Und hier sind wir wieder bei meinen selbst auferlegten Investment-Regeln angekommen: Investiere nur in Sozial und ökologisch engagierte Unternehmen, weil sie gehen auch mit ihren Resourcen sorgsam um. Denn wer verantwortungsvoll mit seinem Personal – oder im Management-Sprech mit seinen „Human Resources“ – umgeht, der sorgt auch dafür, dass das Personal verantwortungsvoll mit den Paketen und Briefen der Kunden umgeht. Insofern greift die Post gerade Ihren eigenen Markenkern an. Ein Markenkern, der besagt, dass die Post ein sehr zuverlässiger Brief- und Paketlogistiker im gehobenen Segment ist, ist eine wertvolle Resource. Es ist die Resource, die rechtfertigt, Behördenpost und andere sensible Sendungen bearbeiten zu dürfen.

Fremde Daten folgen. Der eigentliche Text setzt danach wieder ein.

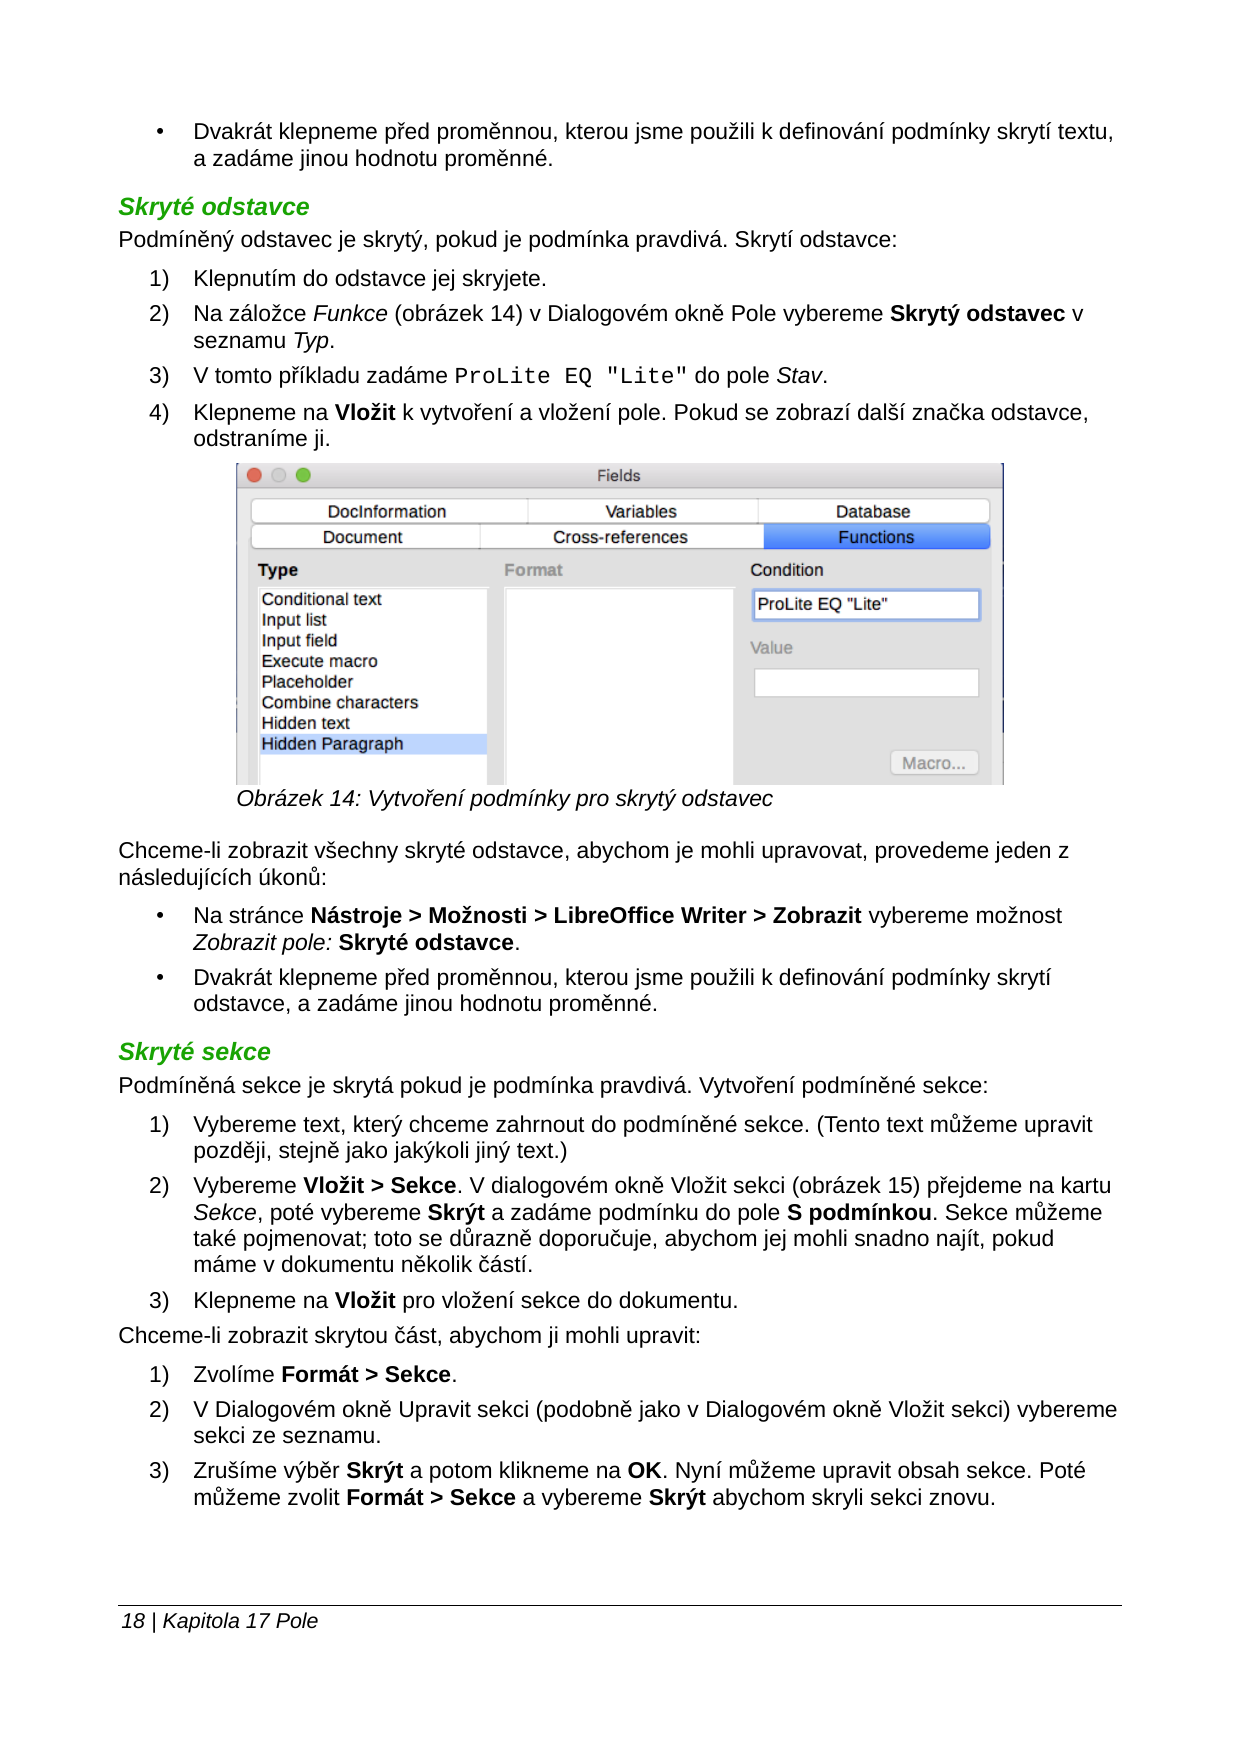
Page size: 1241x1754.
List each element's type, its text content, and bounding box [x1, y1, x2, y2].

Je länger die Post sich hier einer Einigung verweigert, desto weniger von dieser eigenen Resource „Markenkern“ bleibt über. Und je stärker die Post versucht, die Pakete und Briefe der Kunden durch ortsfremde Personen ohne überprüften Hintergrund zustellen zu lassen, desto stärker der Vertrauensverlust in dieses Unternehmen und seine Leistungen. Je stärker der Vertrauensverlust, desto weniger Sendungen wird die Post in Zukunft erhalten.

Insofern sind die Versuche, Post durch Schüler, Studenten und Rentner austragen zu lassen, alles andere als förderlich. Vielleicht schafft man es mit diesen Unternehmensfremden, die den Streik quasi brechen, kurzfristig einen niedrigeren Tarif abzuschließen bzw. ein Ende des Streiks herbeizuzwingen. Aber langfristig dürfte diese Art von Streik den Markenkern der Post tief angekratzen, was wohl in Zukunft Umsatz und Gewinn senken wird. Und als Kunde ist mir nicht geholfen, nur zwischen zwei oder mehr „Billiganbietern“ im Postmarkt auswählen zu können, um wichtige Briefe, zum Beispiel meine Rechnungen an meine Kunden zu versenden. Kommen die Rechnungen nicht an, wird nicht bezahlt – und von was soll ich dann bitte meine Mitarbeiter zahlen?

Und deswegen, weil ich nicht mehr daran glaube, dass die Post noch in mein verantwortungsvolles Portfolio passt, denke ich als Kleinaktionär inzwischen darüber nach, Postaktien aus meinem Portfolio trotz Verlusten zu entfernen. Mit dem Verhalten im aktuellen Poststreik hat die Post bewiesen, eigentlich nur ein weiterer Billiganbieter sein zu wollen, ohne dass dies so wahrgenommen werden soll. Was für eine Bigotterie!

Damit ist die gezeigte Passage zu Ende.